KILMEADE: And the reason why -- because the madrassa -- really, when that term went out there, and the Wahabbiism that was speculated in the article, really started taking root in Saudi Arabia and around there after the fall of the shah and then all of a sudden that starts rampaging across the Arab world, and we're dealing with that -- the radical Islam now. But they wanted to make it clear they had nothing to do -- he had nothing to do with going to any radical Islamic school, and he was very angry about it.

[...]

KILMEADE: And also, just to add to that. The Clinton camp said they said an unnamed Clinton source says they don't think America is ready to elect a Muslim candidate. Clinton camp says that has nothing to do with us. We did not have anything to do with that story.

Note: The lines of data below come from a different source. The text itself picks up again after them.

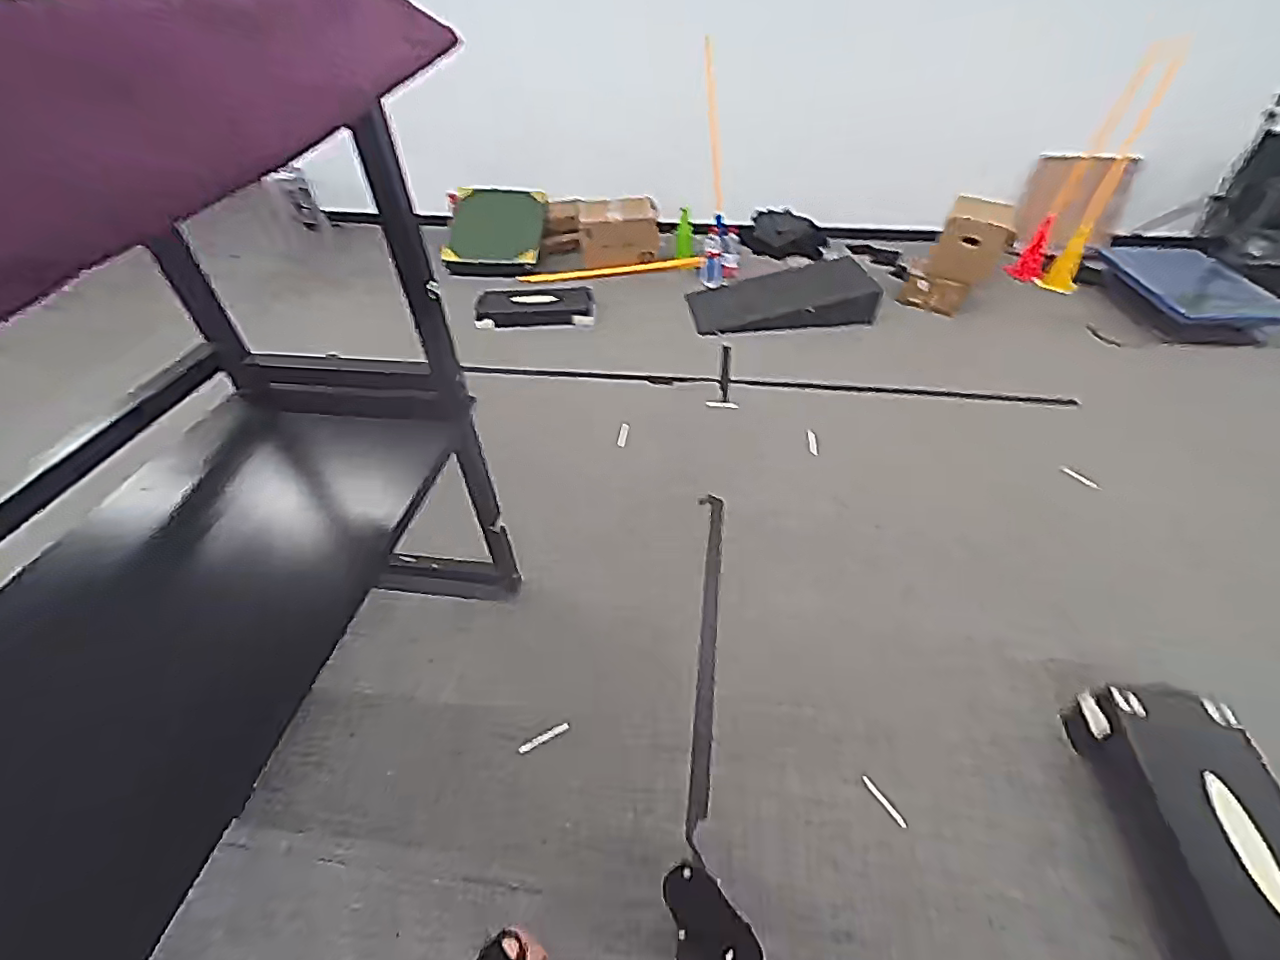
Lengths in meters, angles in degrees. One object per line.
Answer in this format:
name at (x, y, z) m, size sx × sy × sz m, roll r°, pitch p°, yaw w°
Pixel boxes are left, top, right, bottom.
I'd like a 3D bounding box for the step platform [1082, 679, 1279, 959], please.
step platform at (1.230, 0.779, 1.137) m, size 0.286 × 0.204 × 0.684 m, roll 9°, pitch 44°, yaw 11°

From the January 22 edition of CNN's The Situation Room:

KURTZ: But as we now know, there is no madrassa past. Obama spokesman Robert Gibbs, who called Fox's broadcasting of the madrassa tale “appallingly irresponsible,” says he didn't think much of a clarification carried this morning on the program Fox & Friends.

Fox News executive Bill Shine says some of the network's hosts were simply expressing their opinions and repeatedly cited Insight as the source of the allegations.